Based on your system with 16GB RAM (16345480 kB MemTotal), your calculations are generally correct:

# For kernel.shmmax (80% of physical RAM)
16GB * 0.8 = 13.1GB → 4420419584 bytes (your value)

# For kernel.shmall (Total pages = shmmax/PAGE_SIZE)
Typically PAGE_SIZE=4096 → 4420419584/4096 = 1079204 (your value)
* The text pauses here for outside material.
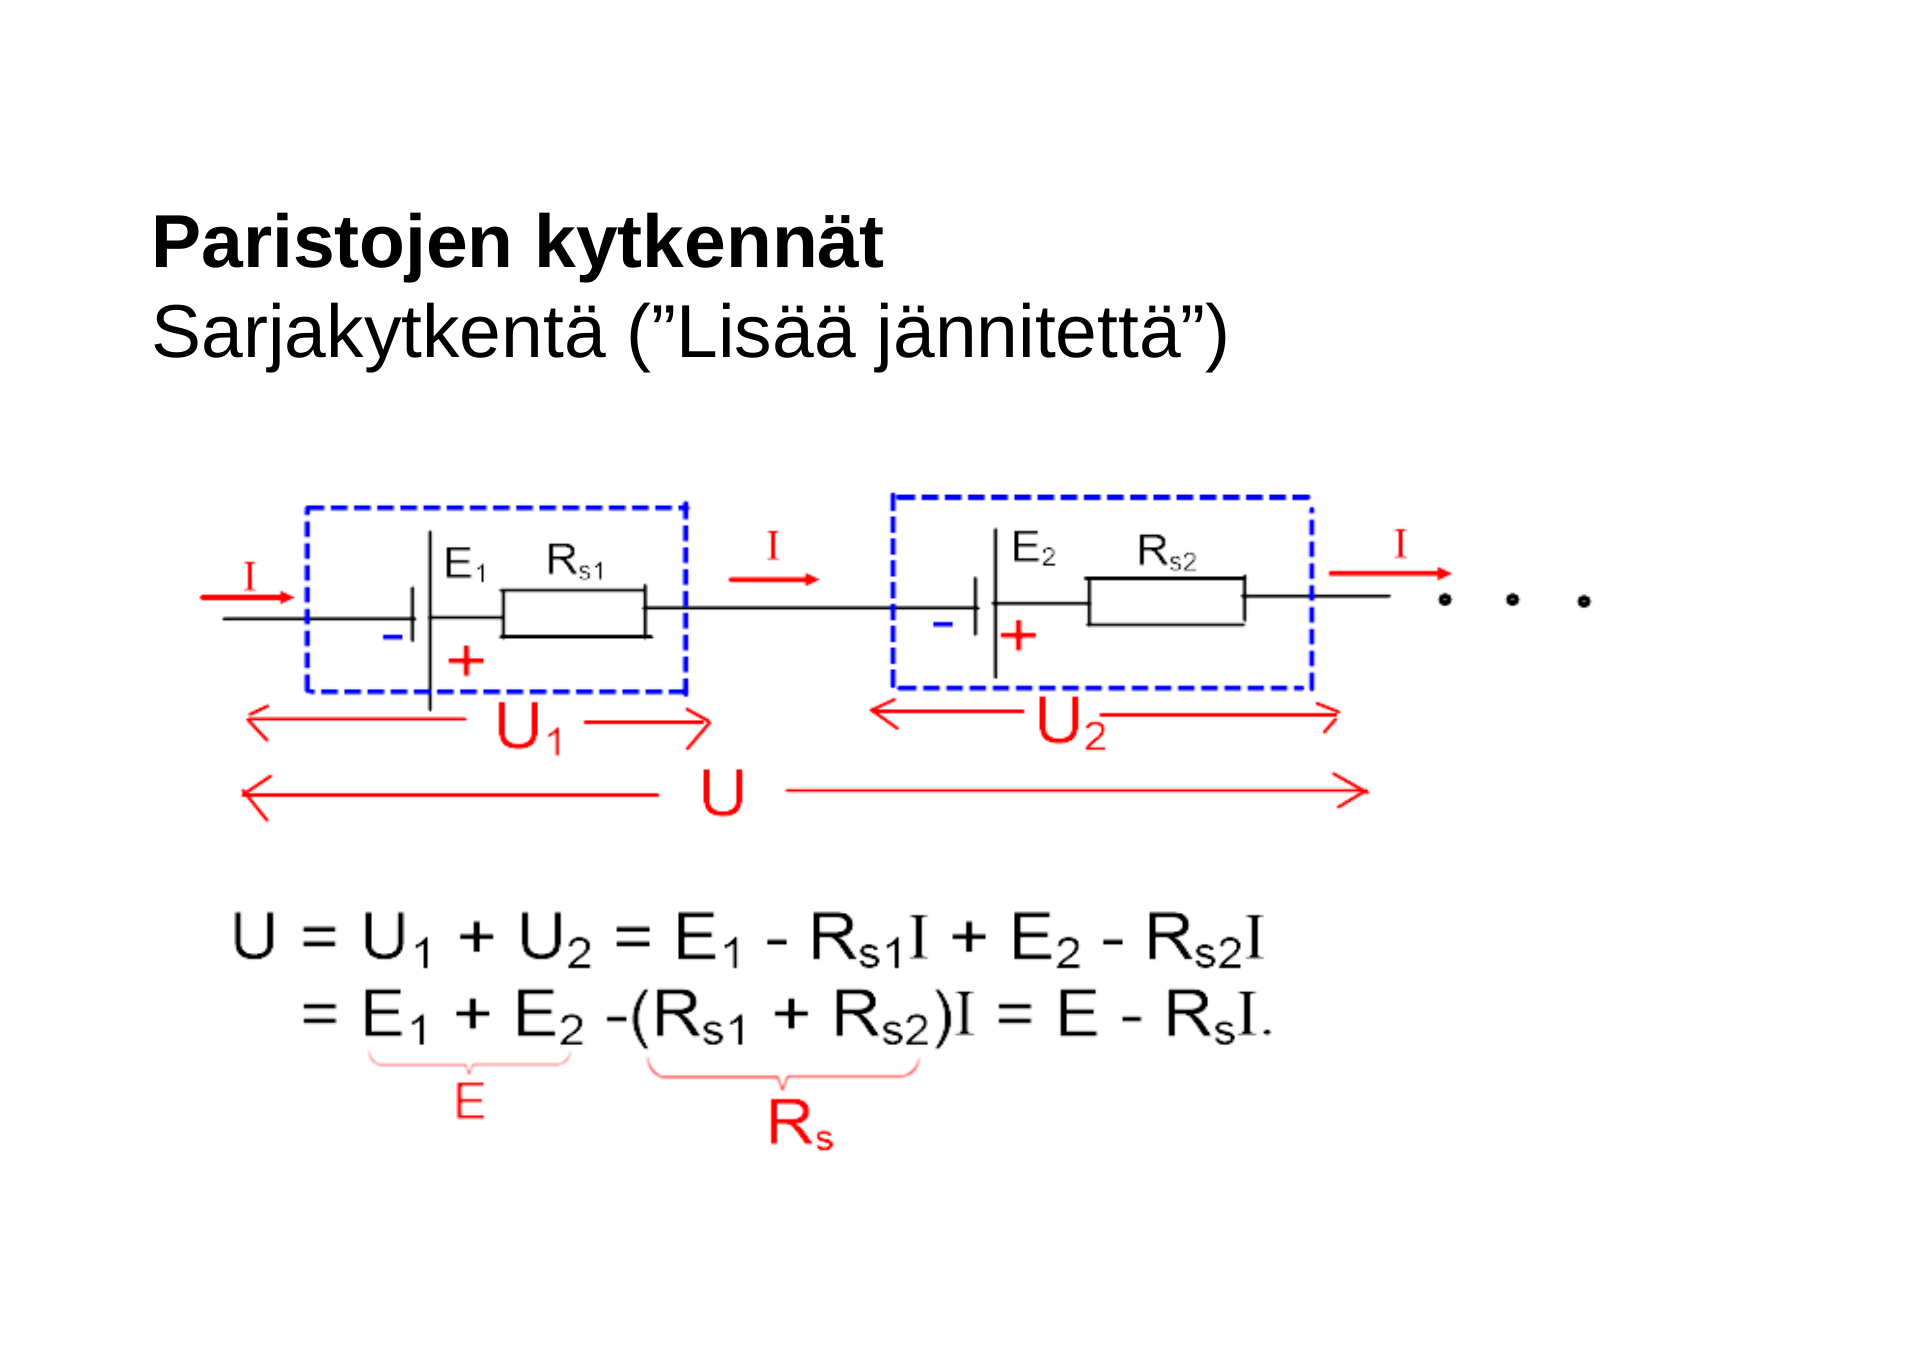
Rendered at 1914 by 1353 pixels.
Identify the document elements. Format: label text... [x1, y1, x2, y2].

text_box Paristojen kytkennät Sarjakytkentä (”Lisää jännitettä”) [136, 185, 1709, 574]
picture [148, 424, 1627, 1278]

Your PostgreSQL configuration looks reasonable, but consider these adjustments:

# More aggressive settings for write-heavy workloads
shared_buffers = 6GB            # Up to 25% of RAM for dedicated DB servers
wal_buffers = 16MB              # Default 8MB often too small
maintenance_work_mem = 512MB    # For VACUUM and CREATE INDEX
random_page_cost = 1.1          # For SSD storage

After applying changes, verify with these commands:

# Check current shared memory limits
cat /proc/sys/kernel/shmall
cat /proc/sys/kernel/shmmax

# PostgreSQL shared memory usage
SELECT pg_size_pretty(pg_shmem_allocations()::bigint);

For mission-critical systems, add these to /etc/sysctl.conf:

# Additional stability parameters
vm.swappiness = 1               # Reduce swapping tendency
vm.overcommit_memory = 2        # Strict memory allocation policy
vm.overcommit_ratio = 95        # Allow 95% of RAM for allocations

For systems handling 1000+ TPS:

# Increase system-wide semaphores
kernel.sem = 500 64000 200 1024
# SEMMNI SEMMSL SEMMNS SEMOPM

# PostgreSQL WAL configuration
wal_level = replica             # For replication setups
max_wal_senders = 8             # Allow multiple replicas
checkpoint_timeout = 15min      # Reduce I/O spikes

When configuring PostgreSQL on Linux systems, three critical kernel parameters require careful attention:

  • SHMMAX: Maximum size of a single shared memory segment (bytes)
  • SHMALL: Total available shared memory system-wide (pages)
  • SHMMNI: Maximum number of shared memory segments

For a system with 16GB RAM (16345480 kB as shown in your meminfo):

# Calculate SHMMAX (recommended: 50-70% of RAM)
SHMMAX = 16345480 kB * 50% = 8172740 kB → 8372906240 bytes

# Calculate SHMALL (total pages)
SHMALL = SHMMAX / page_size (typically 4096 bytes)
       = 8372906240 / 4096 ≈ 2044169 pages

The shared_buffers parameter in postgresql.conf directly affects shared memory requirements:

# Recommended calculation:
shared_buffers = 25% of RAM (for dedicated DB servers)
               = 0.25 * 16345480 kB ≈ 4GB (as you've configured)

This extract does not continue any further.